Korg D16 or Fostex G16

Discussion in 'Synths / Samplers & VSTi' started by sneak, Apr 27, 2004.

  1. sneak

    sneak Active Member

    Apr 27, 2004

    Which one would you prefer ? The Korg D16 Harddiskrecorder or a Fostex G16 taperecorder ?

    Thank you,

  2. Ellegaard

    Ellegaard Active Member

    Feb 17, 2004
    Central Copenhagen
    I had the Korg D16 for about a week, and it was a very cool machine. Small enough to fit a laptop case, yet very powerful. One of the best things about it is that it has a touch screen so you don't have to flap your way through a ton of sub-menus. I didn't keep it though, because 2,500$ was way over what I though I could afford.

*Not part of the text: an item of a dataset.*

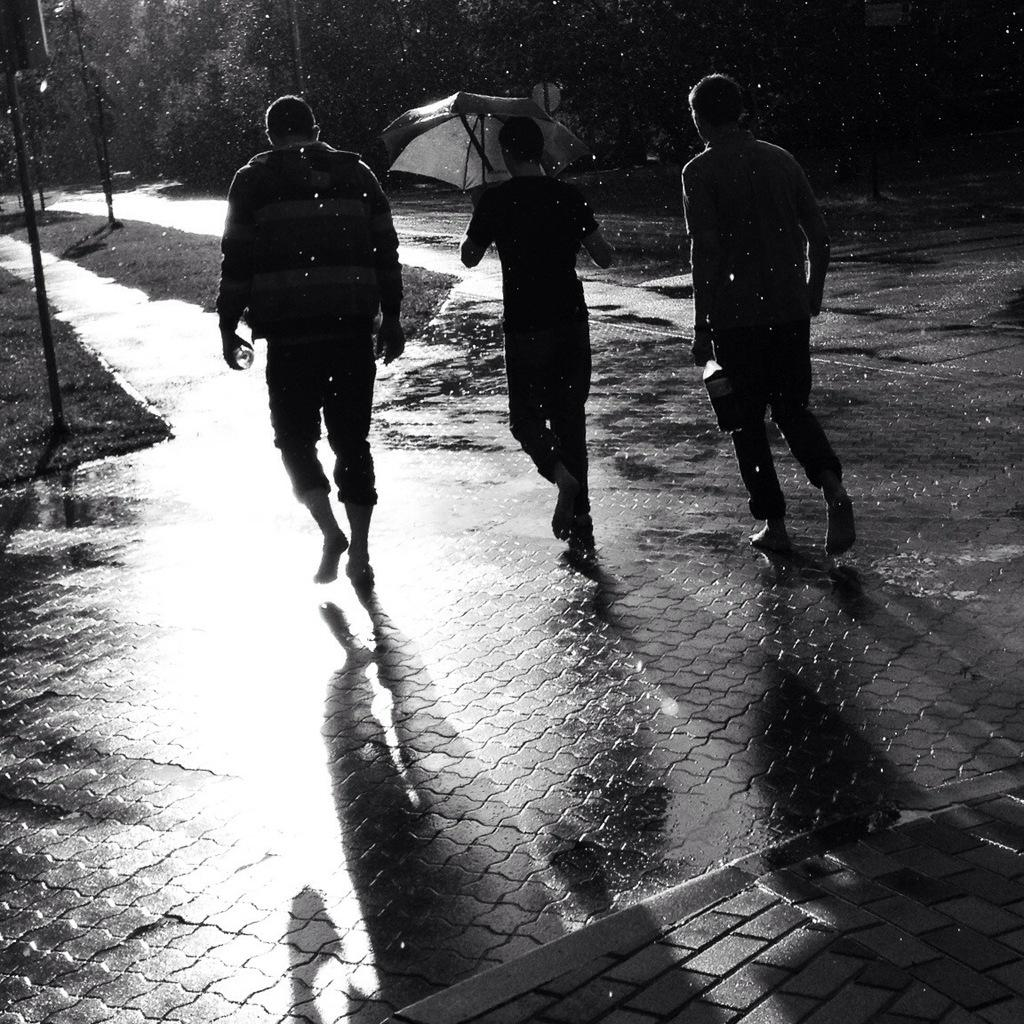What are the three persons in the image doing? The three persons are walking in the image. What can be seen in the background of the image? There are trees in the background of the image. What is present on the left side of the image? There are poles and grass on the left side of the image. What is the person in the middle holding? One person in the middle is holding an umbrella. How many gloves can be seen on the hands of the persons in the image? There are no gloves visible on the hands of the persons in the image. Are there any giants present in the image? There are no giants present in the image; the three persons walking are of normal size.

    A portable studio with the same sound quality can probably be purchased for the same price, if not less, based on a laptop as the multi-tracker and a very decent soundcard as the interface. I myself use a Dell for field recording connected to a M-Audio FireWire 410 card as the audio interface, and it works perfectly. A maybe even better alternative is buying a laptop and a DigiDesign MBox in which case you get a full software bundle, including Pro Tools and Reason Adapted boosted with a few awesome plugins, and that is high quality for a very favorable price.
  3. mcguin

    mcguin Guest

    Hi there
    I originally bought a D16 - it' was a very easy "box" to learn, and sounded quite good. I loved it, but wanted to move up to the next step - I then bought a Roland 2480 and sold my D16 - the Roland had lots more features, a much deeper system (but at the time full of O/S problems) - I had several commercial CD projects crash and burn - some very pissed clients to say the least!!! - I then decided that if I was serious about recording I had to move up again to something rock solid - I bought a RADAR Project 24 with great converters - sold the Roland - and then promptly bought another D16 (used on Ebay for less than $600) - I found the D16 was great for live gigs that the RADAR was too much trouble to drag to (as long as you only need to record 8 tracks at a time @ 16 bit - 4 tracks @ 24 bit) - the great thing about the D16 is you can dump your tracks to wav files and move the stuff over to the RADAR (or any other better system) to mix on.
    I would not hesitate to recommend the D16 - for the $$ you can't beat them!!!good luck

  4. Rod Gervais

    Rod Gervais Distinguished Member

    Jun 8, 2003
    Central Village, CT
    Home Page:
    I have to 2nd what Dan said........

    I am set up for 24 track recording in my home studio - but I still own and use a D-1600.

    It was my 1st purchase - and works great.... I use it for live gigs and for quick recordings to capture my bands practices....... it has a ton of built in effects so it's really a stand alone unit.

    Easy to use - and fairly stable........

    And the new ones are expandable to record 16 tracks simultaneously.

    One other thing - the tape recorder is linear recording - which means that anything you dub in or change in the recording is final - complete - (it's called destructive editing) - whereas the Korg (and most of the digital hard disk recorders) are non-linear - and editing is not destructive........ you can "undo" most things you do if you like what was there before.

    Good luck,
  5. Kurt Foster

    Kurt Foster Distinguished Member

    Jul 2, 2002
    77 Sunset Lane.
    I have been working with some young friends who own a couple of D1600's. I love the ease of use (once the system has been learned) and the sound quality is surprisingly good. With the older D1600's, you are limited to using the onboard mic / line pres unless you go 2 tracks at a time through the s/pdif ins but if you turn them all the way down and pull your gain out of an outboard pre they can sound pretty good.

    However they are prone to locking up and or crashing. We have one machine that had to go back to LA for repair because the power to it was accidentally disconnected and when we plugged it back in, the machine would not re boot. It seems to me that they should be able to withstand an accidental loss of power. I can see some one having to return their machine because they were using it when the power failed..

    So be sure to do a save every pass and back up your songs. These seem to be a slightly volatile medium. I would be scared to take one out on a remote recording. That would be one pissed client when you tried to explain to them that their once in a lifetime performance was lost due to a machine error..

    I think that KORG made a calculated decision to release the product with software bugs.. and to let the consumer be their beta testers. KORG is not the only company that does this but it still burns me when I come across it. I suppose that with the speed technology is released these days, that it is impossible to fully develop a product, beta test it and then release it before the technology is obsolete.